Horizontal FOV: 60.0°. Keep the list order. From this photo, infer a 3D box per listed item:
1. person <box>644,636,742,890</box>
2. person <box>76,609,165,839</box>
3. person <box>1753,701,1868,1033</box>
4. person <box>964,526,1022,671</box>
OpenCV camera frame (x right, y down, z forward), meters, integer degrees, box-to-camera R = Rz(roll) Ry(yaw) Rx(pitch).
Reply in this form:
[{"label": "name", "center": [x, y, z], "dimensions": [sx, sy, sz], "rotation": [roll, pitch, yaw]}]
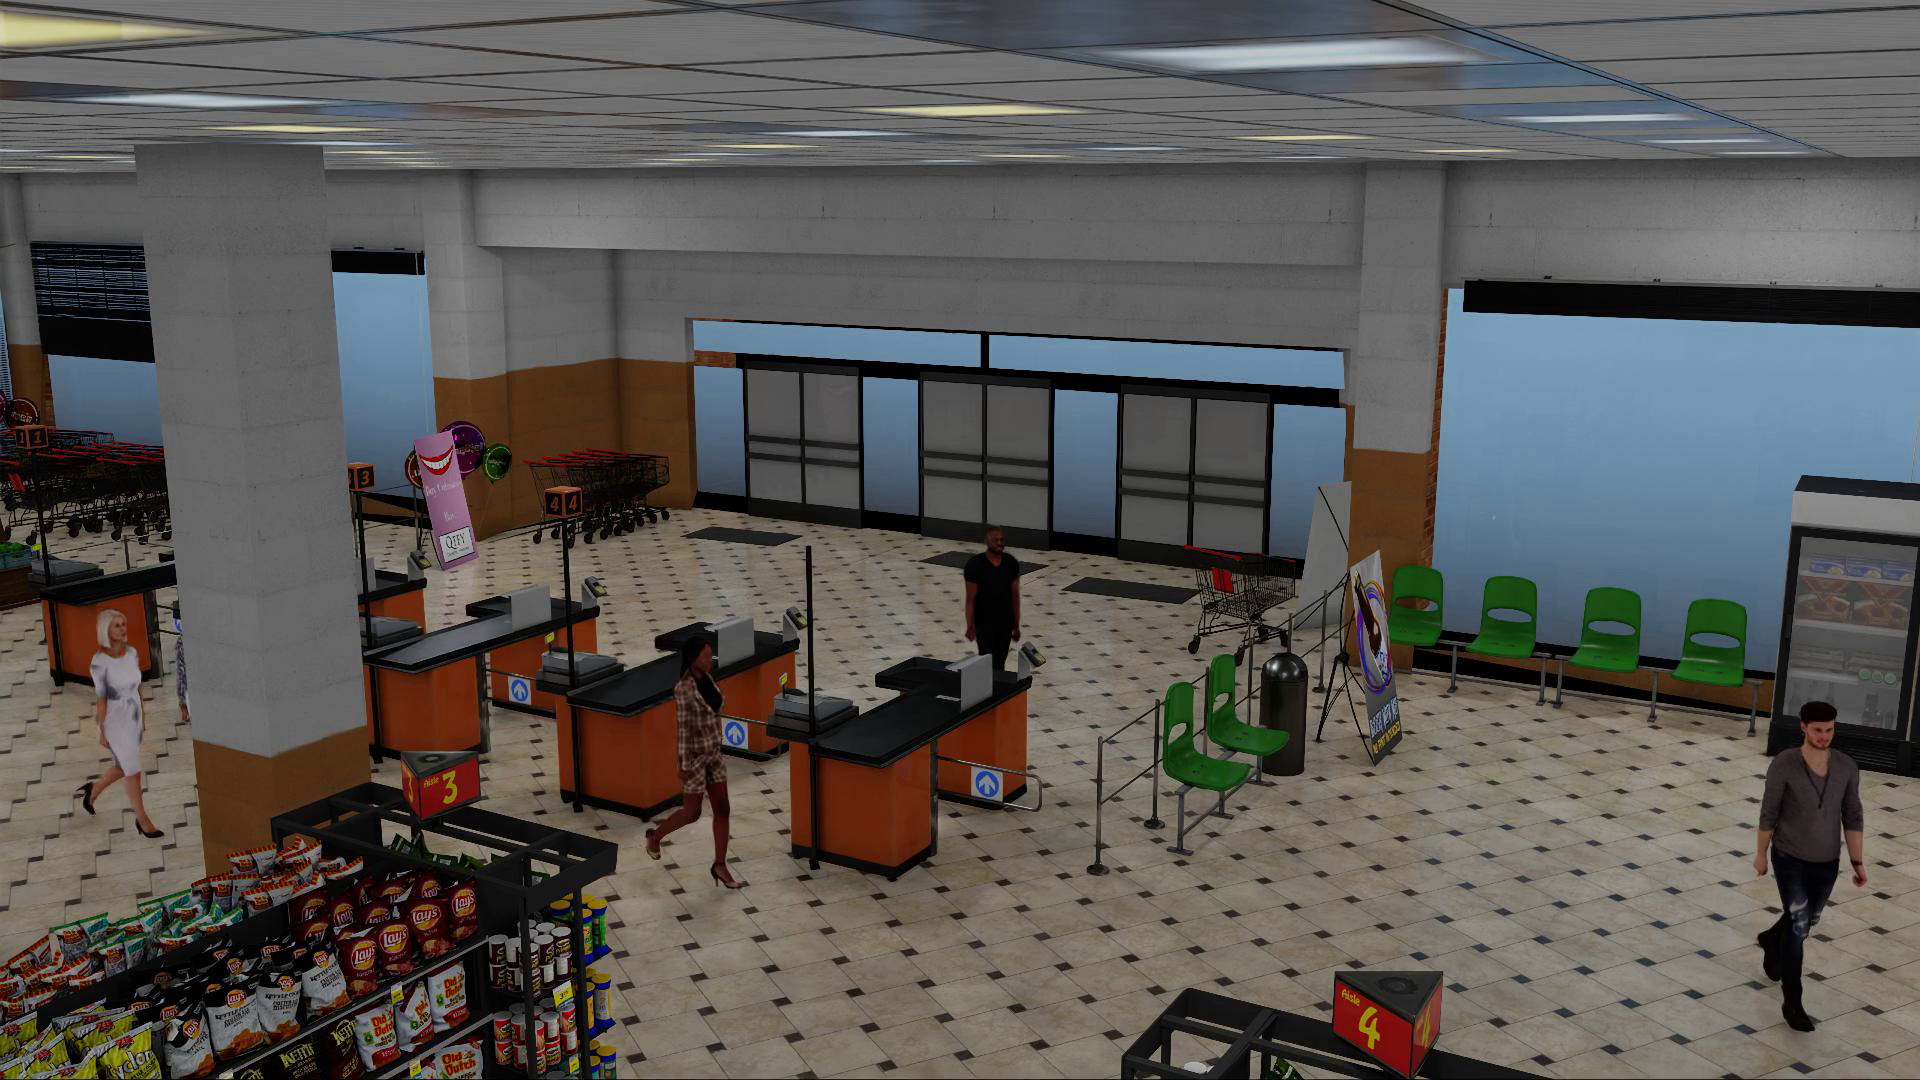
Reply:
[{"label": "person", "center": [-1.852, 1.526, 11.402], "dimensions": [0.685, 1.772, 0.963], "rotation": [6, 13, 25]}, {"label": "person", "center": [-6.270, 1.361, 12.297], "dimensions": [0.824, 1.726, 1.016], "rotation": [3, 12, 14]}, {"label": "person", "center": [4.912, 1.825, 9.731], "dimensions": [1.070, 1.876, 1.290], "rotation": [0, 12, -1]}, {"label": "person", "center": [0.262, 0.749, 15.000], "dimensions": [0.862, 1.811, 0.921], "rotation": [-5, 13, -23]}]

▸ Exercise instructions
Among the records above, find the lines where the word "this" appears and copy them.

▸ Written solution
Horizontal FOV: 60.0°. Keep the list order. From this photo, infer a 3D box per listed item:
Reply in this form:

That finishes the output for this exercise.